The degree of dominance of alleles to one another also influences the rate of adaptation (increase in w bar) over time.  Initially, the increase in the frequency of a favrable allele is highest when that allele is dominant; however, it is extremely difficult to eliminate a low fitness, recessive allele.
 

Stabilizing selection results when itermediate phenotypes have the highest fitness, that is, when the fitness curve is higher in the middle than at either end.  In increasing the frequency of the high fitness genotypes, stabilizing selection results in reduced phenotypic variance, but does not shift the mean phenotype in the population (or does so to a limited degree).  Stabilizing selection is probably the most common form of selection.  Because common phenotypes are selected for, stabilizing selection generates evolutionary inertia that resists directional change, and results in stable equilibrium allele frequencies.

If selection is acting ona  single-locus trait, then satbilizing sleection results from heterozygous advantage, also known as heterosis or overdominance for fitness.  While difficult to demonstrate for individual loci (though sickle-cell is an obvious example), there is evidence in many species for an advantage in being heterozygous; often, the degree of heterozygosity of individuals is positivel crrelated with growth rate, etc.  The overall effect of heterozygous advantage is to maintain a stable genetic polymorphism in the population.

While stabilizing selection in a single-locus case results from heterozygous advantage, quantitative polygenic traits are subject to stabilizing sleection without the necessary link to heterozygosity.  Here, intermediate phenotypes have the highest fitness, but can differ in their degree of heterozygosity.

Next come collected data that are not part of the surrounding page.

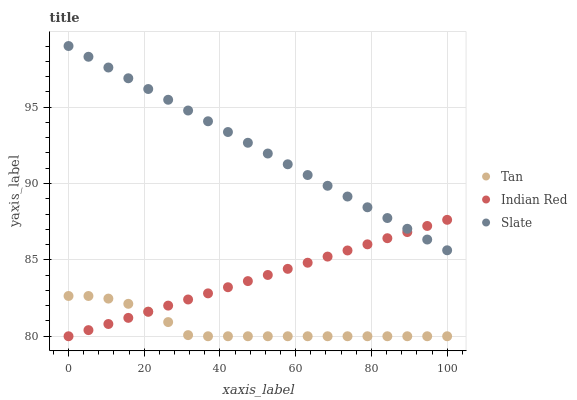Does Tan have the minimum area under the curve?
Answer yes or no. Yes. Does Slate have the maximum area under the curve?
Answer yes or no. Yes. Does Indian Red have the minimum area under the curve?
Answer yes or no. No. Does Indian Red have the maximum area under the curve?
Answer yes or no. No. Is Indian Red the smoothest?
Answer yes or no. Yes. Is Tan the roughest?
Answer yes or no. Yes. Is Slate the smoothest?
Answer yes or no. No. Is Slate the roughest?
Answer yes or no. No. Does Tan have the lowest value?
Answer yes or no. Yes. Does Slate have the lowest value?
Answer yes or no. No. Does Slate have the highest value?
Answer yes or no. Yes. Does Indian Red have the highest value?
Answer yes or no. No. Is Tan less than Slate?
Answer yes or no. Yes. Is Slate greater than Tan?
Answer yes or no. Yes. Does Indian Red intersect Slate?
Answer yes or no. Yes. Is Indian Red less than Slate?
Answer yes or no. No. Is Indian Red greater than Slate?
Answer yes or no. No. Does Tan intersect Slate?
Answer yes or no. No. 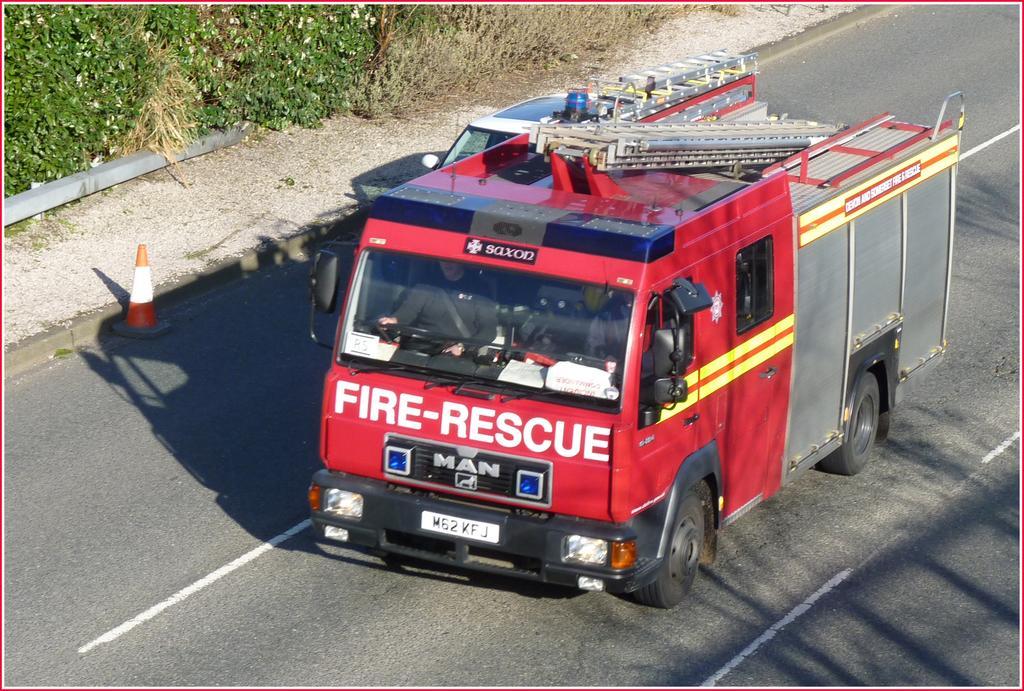Could you give a brief overview of what you see in this image? In this image I can see a vehicle and car on the road. At the top of the image there are some plants. 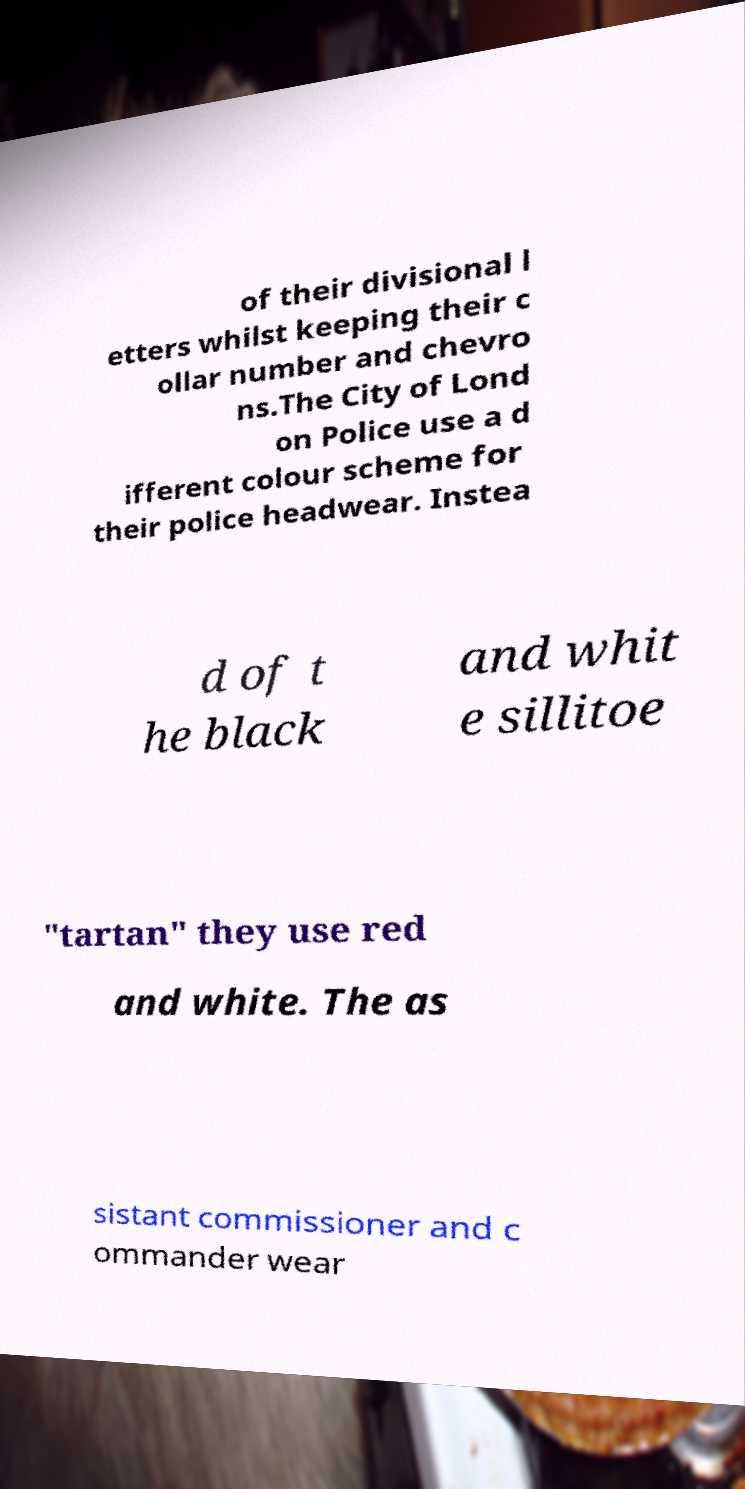I need the written content from this picture converted into text. Can you do that? of their divisional l etters whilst keeping their c ollar number and chevro ns.The City of Lond on Police use a d ifferent colour scheme for their police headwear. Instea d of t he black and whit e sillitoe "tartan" they use red and white. The as sistant commissioner and c ommander wear

Disruptive or diversifying selection occurs when both extremes of the phenotypic distributions have higher fitnesses than do intermediate phenotypes (i.e., the fitness curve has two peaks).  Disruptive selection increases phenotypic variance but does not shift the mean phenotype in the population.  While apparently less common than the other types of selection, disruptive selection is theoretically important as it can increase genetic and phenotypic diversity and potentially promote speciation, by splitting a single population into two parts.  In a single locus situation, disruptive selection generates unstable equilibrium allele frequencies.

Disruptive selection is part of a broader concepts of selection in variable environments and multiple niche polymorphism.  Here, selection may favor different genotypes in different microenvironments.  Here, polymorphism is likely to be maintained if the environmental variation is coarse-grained and hard selection is at work.  If habitat selection or other form of spatial segregation is coupled with assortative mating, then the potential for speciation exists.  Examples of disruptive selection are relatively rare; more often, the appearance of multiple distinct genotypes/phenotypes within a population can be explained by migration.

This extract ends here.